------ RECORDS SUPPLIED

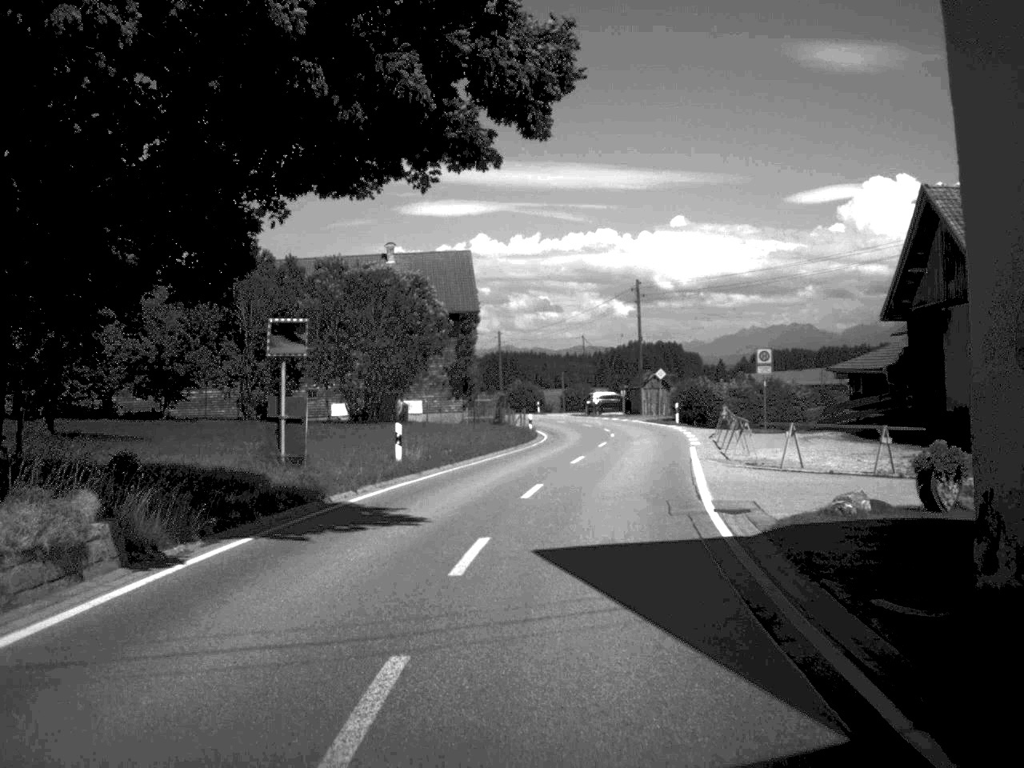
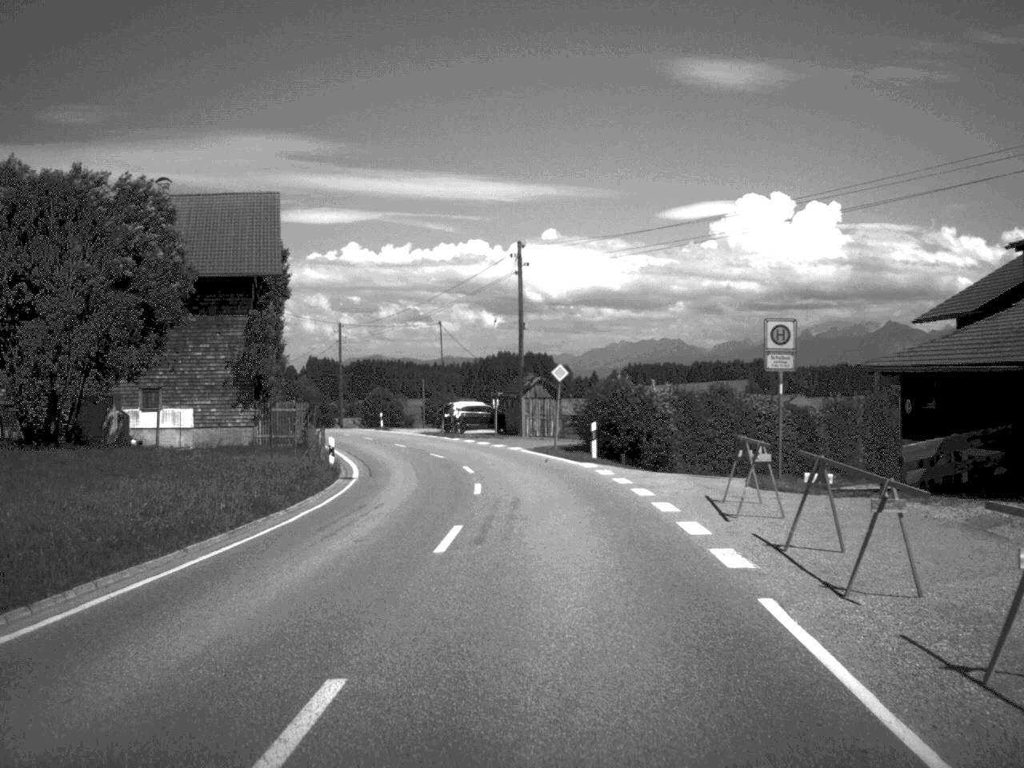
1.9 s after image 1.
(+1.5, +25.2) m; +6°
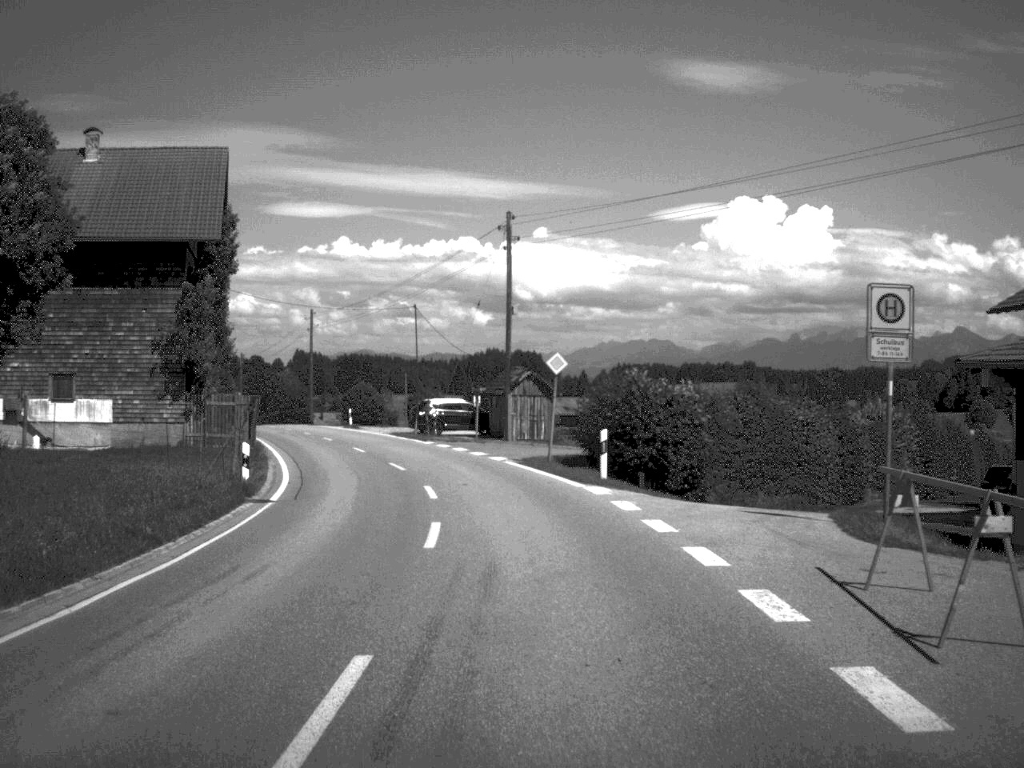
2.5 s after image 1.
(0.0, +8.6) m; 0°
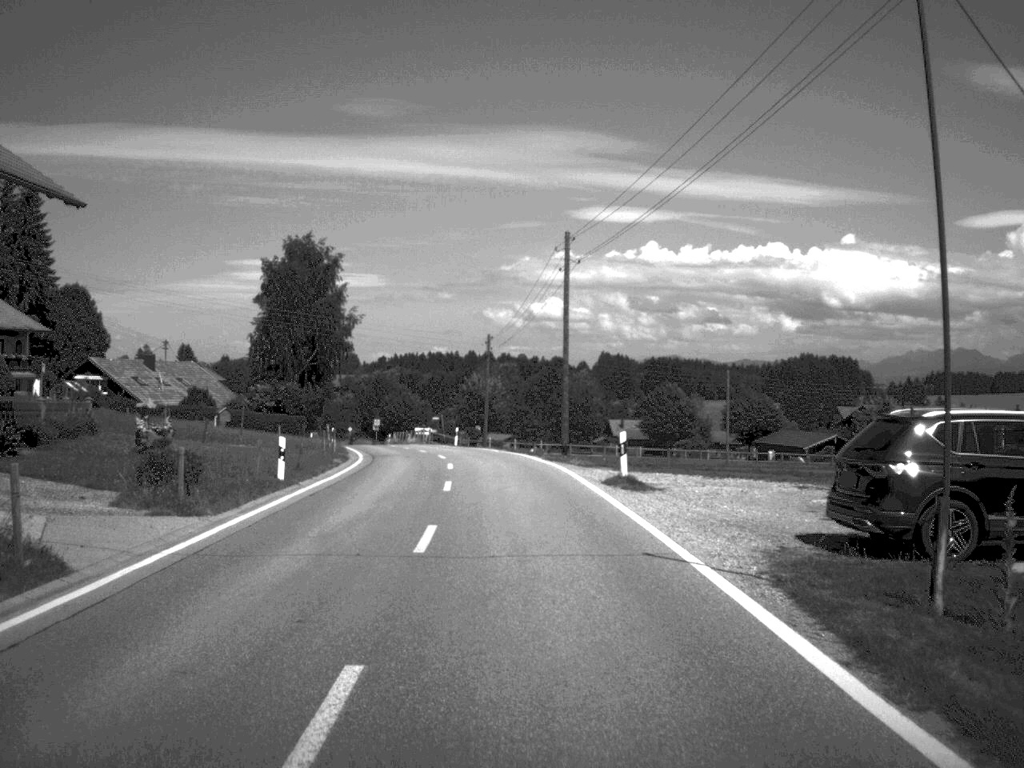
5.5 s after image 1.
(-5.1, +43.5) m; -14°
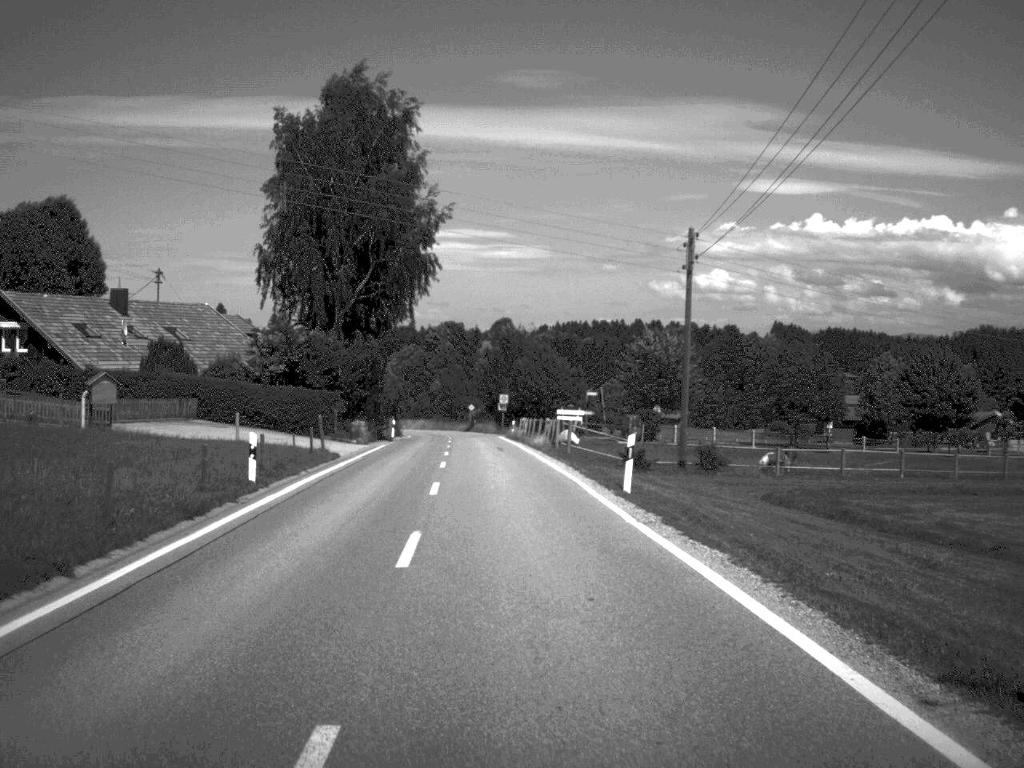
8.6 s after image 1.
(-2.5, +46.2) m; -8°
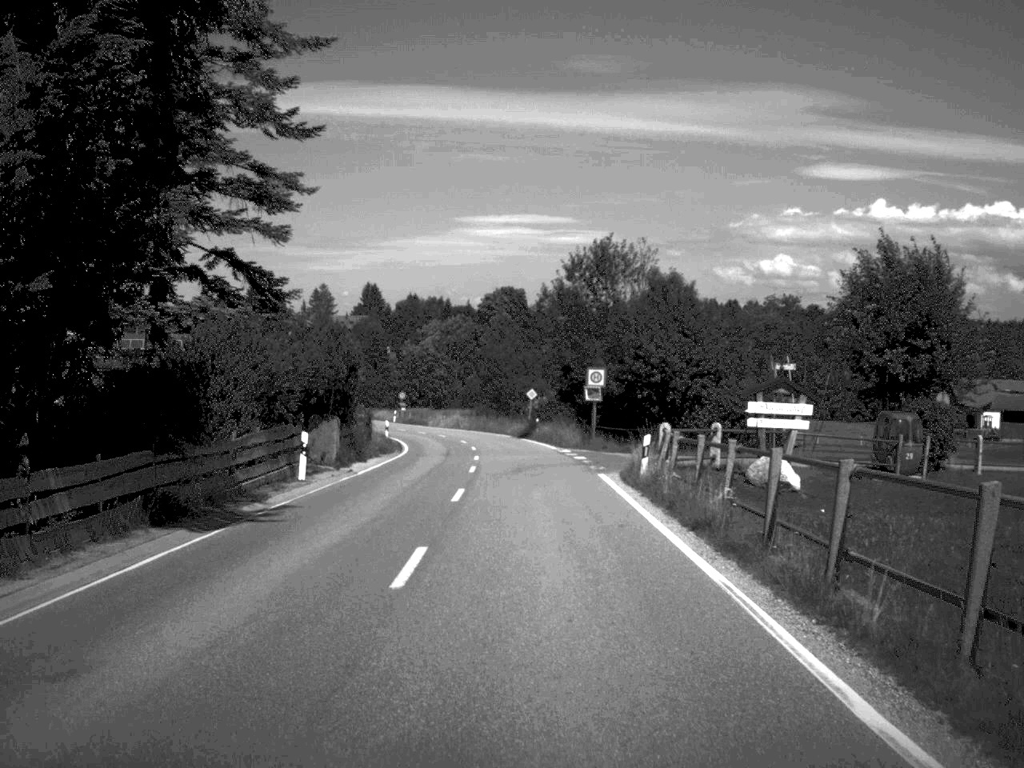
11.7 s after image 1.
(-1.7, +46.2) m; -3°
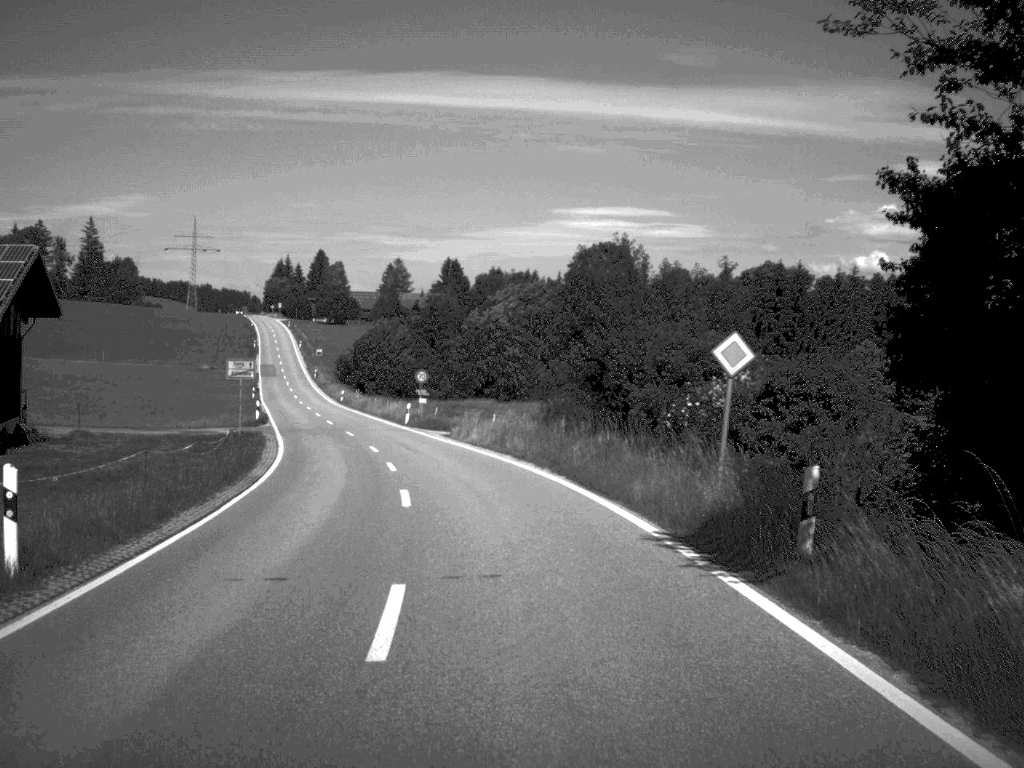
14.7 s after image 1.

------------

WHAT IS REQUIRED:
What you write must match, line for line, the records from the line containing "8.6 s after image 1." through the last line, with every picture left out.

SOLUTION TO THE PROBLEM:
8.6 s after image 1.
(-2.5, +46.2) m; -8°
11.7 s after image 1.
(-1.7, +46.2) m; -3°
14.7 s after image 1.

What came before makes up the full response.